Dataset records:
+++

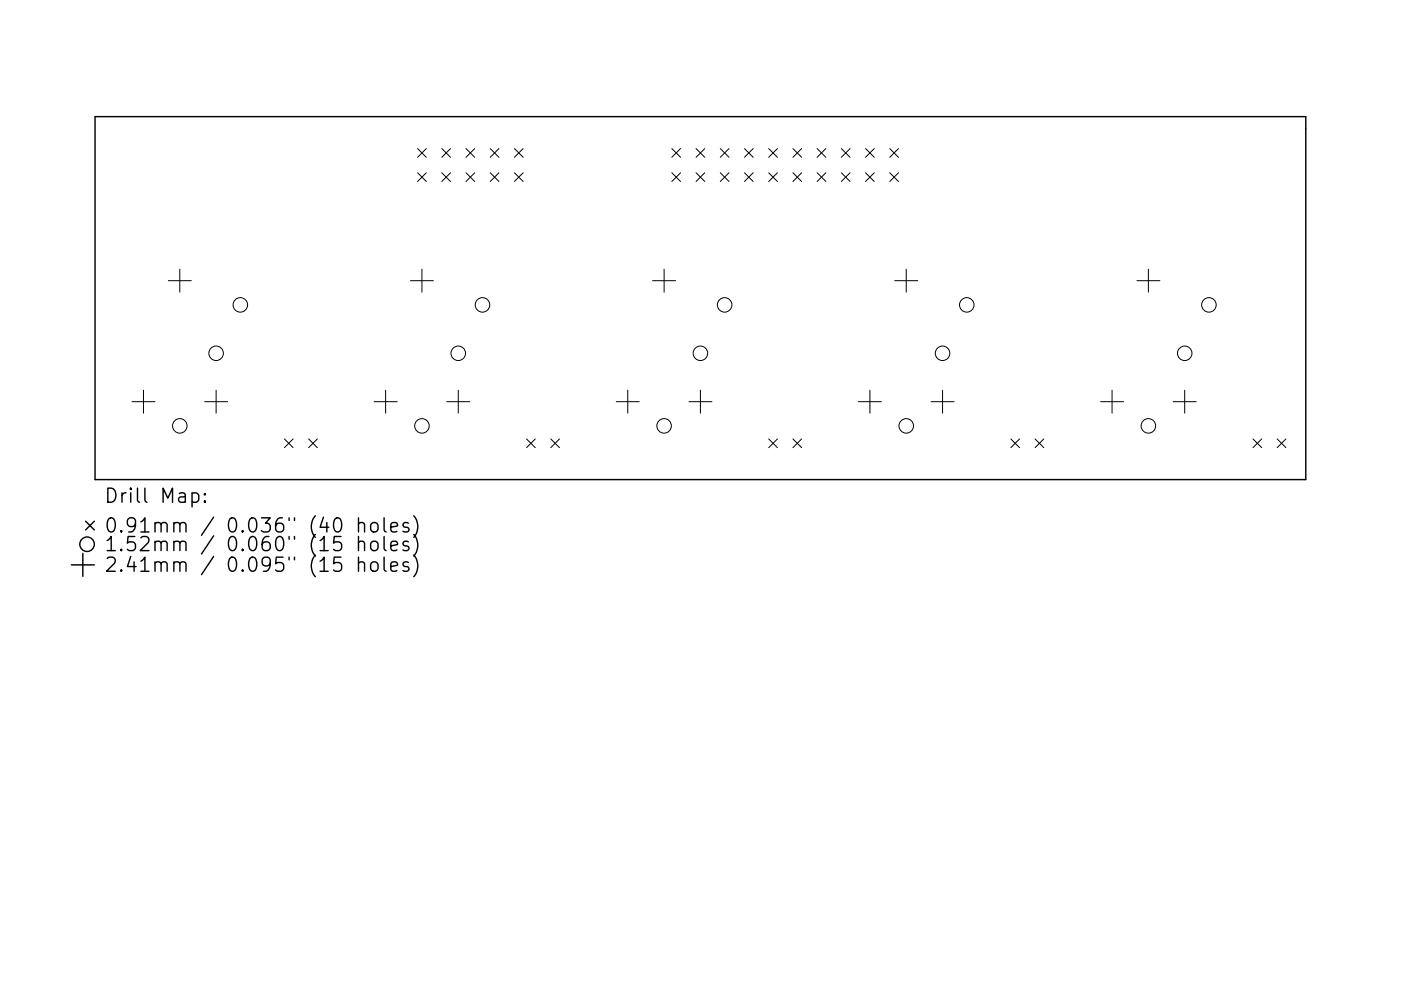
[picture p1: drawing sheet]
<svg xmlns="http://www.w3.org/2000/svg" width="297mm" height="210mm" viewBox="0 0 297 210" stroke-linecap="round" stroke-linejoin="round" font-family="sans-serif">
<defs><g id="words">
<g font-size="4.2">
<text x="22" y="106.7">Drill Map:</text>
<text x="22" y="113">0.91mm / 0.036&quot; (40 holes)</text>
<text x="22" y="117">1.52mm / 0.060&quot; (15 holes)</text>
<text x="22" y="121.3">2.41mm / 0.095&quot; (15 holes)</text>
</g>
</g></defs>
<g fill="none" stroke="#000" stroke-width=".3">
<path d="M20.2 24.7h256.6v77.1h-256.6zM15.1 119.8h4.9M17.6 117.4v4.9M18.2 110.6l1.8 1.8M20 110.6l-1.8 1.8M40.7 104.7l.9-.1 .6 .5v.9l-.3 .4-.3 .2-.9-.2M43.4 106.3l.2 .1-.2 .2-.1-.2 .1-.1v.3M43.4 104.7l.2 .1-.2 .2-.1-.2 .1-.1v.3M76 111.1a.74 .74 0 0 1 1.3 .2v1.6M76 115.1a.75 .75 0 0 1 1.3 .2v1.5M76 119.5a.74 .74 0 0 1 1.3 .1v1.6M76 109.9v3"/>
<path d="M76 113.8v3M76 118.2v3M78.7 111.1a.81 .81 0 0 1 .8-.2 .81 .81 0 0 1 .6 .5v.9a.81 .81 0 0 1-.7 .6 .81 .81 0 0 1-.8-.6v-.9zM78.7 115.1a.81 .81 0 0 1 .8-.3 .81 .81 0 0 1 .6 .6v.9a.81 .81 0 0 1-.7 .6 .81 .81 0 0 1-.8-.6v-.9zM78.9 119.3a.81 .81 0 0 1 1.2 .5v.8a.81 .81 0 0 1-.7 .6 .81 .81 0 0 1-.8-.6v-.8zM81.4 109.9v2.5l.5 .5M81.4 113.8v2.6l.5 .4M81.4 118.2v2.6l.5 .4M82.9 111.9l1.4-.3-.2-.6-.8-.1-.4 .4v1.1l.1 .3 .3 .2 .8-.2M82.9 115.8l1.4-.3-.2-.5-.8-.2-.4 .5v1.1l.1 .3 .3 .1 .8-.1M86.6 111l-.7-.1-.5 .4 .2 .4 1 .3 .1 .3-.1 .4-.3 .2-.9-.2M86.6 115l-.7-.2-.5 .5 .2 .4 1 .3 .1 .3-.1 .4-.3 .1-.9-.1"/>
<path d="M86.6 119.3l-.7-.1-.5 .4 .2 .5 1 .2 .1 .3-.1 .5-.3 .1-.9-.1M87.7 109.4a3.4 3.4 0 0 1 0 4.6M87.7 113.4a3.4 3.4 0 0 1 0 4.6M87.7 117.8a3.4 3.4 0 0 1 0 4.5M82.9 120.2l1.4-.3-.2-.6-.8-.1-.4 .4v1.2l.1 .3 .3 .1 .8-.1"/>
<circle cx="18.5" cy="115.5" r="1.54"/>
</g>
<g fill="none" stroke="#000" stroke-width=".21">
<path d="M88.5 31.5l1.9 1.9M88.5 36.7l1.9 1.8M90.4 31.5l-1.9 1.9M90.4 36.7l-1.9 1.8M93.7 36.7l1.8 1.8M93.7 31.5l1.8 1.9M95.5 31.5l-1.8 1.9M95.5 36.7l-1.8 1.8M98.8 36.7l1.9 1.8M98.8 31.5l1.9 1.9M100.7 31.5l-1.9 1.9M100.7 36.7l-1.9 1.8"/>
<path d="M103.9 31.5l1.9 1.9M103.9 36.7l1.9 1.8M105.8 31.5l-1.9 1.9M105.8 36.7l-1.9 1.8M109.1 36.7l1.8 1.8M109.1 31.5l1.8 1.9M110.9 36.7l-1.8 1.8M110.9 31.5l-1.8 1.9M142.4 36.7l1.9 1.8M142.4 31.5l1.9 1.9M144.3 36.7l-1.9 1.8M144.3 31.5l-1.9 1.9"/>
<path d="M147.6 36.7l1.8 1.8M147.6 31.5l1.8 1.9M149.4 31.5l-1.8 1.9M149.4 36.7l-1.8 1.8M152.7 36.7l1.9 1.8M152.7 31.5l1.9 1.9M154.6 31.5l-1.9 1.9M154.6 36.7l-1.9 1.8M157.8 36.7l1.9 1.8M157.8 31.5l1.9 1.9M159.7 31.5l-1.9 1.9M159.7 36.7l-1.9 1.8"/>
<path d="M163 31.5l1.8 1.9M163 36.7l1.8 1.8M164.8 31.5l-1.8 1.9M164.8 36.7l-1.8 1.8M168.1 36.7l1.9 1.8M168.1 31.5l1.9 1.9M170 31.5l-1.9 1.9M170 36.7l-1.9 1.8M173.2 36.7l1.9 1.8M173.2 31.5l1.9 1.9M175.1 31.5l-1.9 1.9M175.1 36.7l-1.9 1.8"/>
<path d="M178.4 36.7l1.8 1.8M178.4 31.5l1.8 1.9M180.2 31.5l-1.8 1.9M180.2 36.7l-1.8 1.8M183.5 36.7l1.9 1.8M183.5 31.5l1.9 1.9M185.4 31.5l-1.9 1.9M185.4 36.7l-1.9 1.8M188.6 31.5l1.9 1.9M188.6 36.7l1.9 1.8M190.5 31.5l-1.9 1.9M190.5 36.7l-1.9 1.8"/>
<path d="M35.7 59.6h4.9M38.1 57.1v4.9M87 59.6h4.9M89.5 57.1v4.9M138.4 59.6h4.8M140.8 57.1v4.9M189.7 59.6h4.9M192.1 57.1v4.9M241 59.6h4.9M243.5 57.1v4.9M28 85.2h4.9M30.4 82.8v4.9"/>
<path d="M43.4 85.2h4.9M45.8 82.8v4.9M60.3 93.1l1.8 1.9M62.1 93.1l-1.8 1.9M65.4 93.1l1.9 1.9M67.3 93.1l-1.9 1.9M79.3 85.2h4.9M81.8 82.8v4.9M94.7 85.2h4.9M97.2 82.8v4.9M111.6 93.1l1.9 1.9M113.5 93.1l-1.9 1.9"/>
<path d="M116.8 93.1l1.8 1.9M118.6 93.1l-1.8 1.9M130.7 85.2h4.8M133.1 82.8v4.9M146.1 85.2h4.8M148.5 82.8v4.9M163 93.1l1.8 1.9M164.8 93.1l-1.8 1.9M168.1 93.1l1.9 1.9M170 93.1l-1.9 1.9M182 85.2h4.9M184.4 82.8v4.9"/>
<path d="M197.4 85.2h4.9M199.8 82.8v4.9M214.3 93.1l1.9 1.9M216.2 93.1l-1.9 1.9M219.5 93.1l1.8 1.9M221.3 93.1l-1.8 1.9M233.3 85.2h4.9M235.8 82.8v4.9M248.7 85.2h4.9M251.2 82.8v4.9M265.7 93.1l1.8 1.9M267.5 93.1l-1.8 1.9"/>
<path d="M270.8 93.1l1.8 1.9M272.6 93.1l-1.8 1.9"/>
<circle cx="45.8" cy="75" r="1.54"/>
<circle cx="51" cy="64.7" r="1.54"/>
<circle cx="97.2" cy="75" r="1.54"/>
<circle cx="102.3" cy="64.7" r="1.54"/>
<circle cx="148.5" cy="75" r="1.54"/>
<circle cx="153.6" cy="64.7" r="1.54"/>
<circle cx="199.8" cy="75" r="1.54"/>
<circle cx="205" cy="64.7" r="1.54"/>
<circle cx="251.2" cy="75" r="1.54"/>
<circle cx="256.3" cy="64.7" r="1.54"/>
<circle cx="38.1" cy="90.4" r="1.54"/>
<circle cx="89.5" cy="90.4" r="1.54"/>
<circle cx="140.8" cy="90.4" r="1.54"/>
<circle cx="192.1" cy="90.4" r="1.54"/>
<circle cx="243.5" cy="90.4" r="1.54"/>
</g>
<use href="#words"/>
</svg>

+++

**Exercise prompt**: Leave out every line above except those from the line with "36.7l1.8 1.8M178.4 31.5l1.8" up to and including the line with "59.6h4.9M38.1 57.1v4.9M87 59.6h4.9M89.5", and copy those exactly.

**Your response**:
<path d="M178.4 36.7l1.8 1.8M178.4 31.5l1.8 1.9M180.2 31.5l-1.8 1.9M180.2 36.7l-1.8 1.8M183.5 36.7l1.9 1.8M183.5 31.5l1.9 1.9M185.4 31.5l-1.9 1.9M185.4 36.7l-1.9 1.8M188.6 31.5l1.9 1.9M188.6 36.7l1.9 1.8M190.5 31.5l-1.9 1.9M190.5 36.7l-1.9 1.8"/>
<path d="M35.7 59.6h4.9M38.1 57.1v4.9M87 59.6h4.9M89.5 57.1v4.9M138.4 59.6h4.8M140.8 57.1v4.9M189.7 59.6h4.9M192.1 57.1v4.9M241 59.6h4.9M243.5 57.1v4.9M28 85.2h4.9M30.4 82.8v4.9"/>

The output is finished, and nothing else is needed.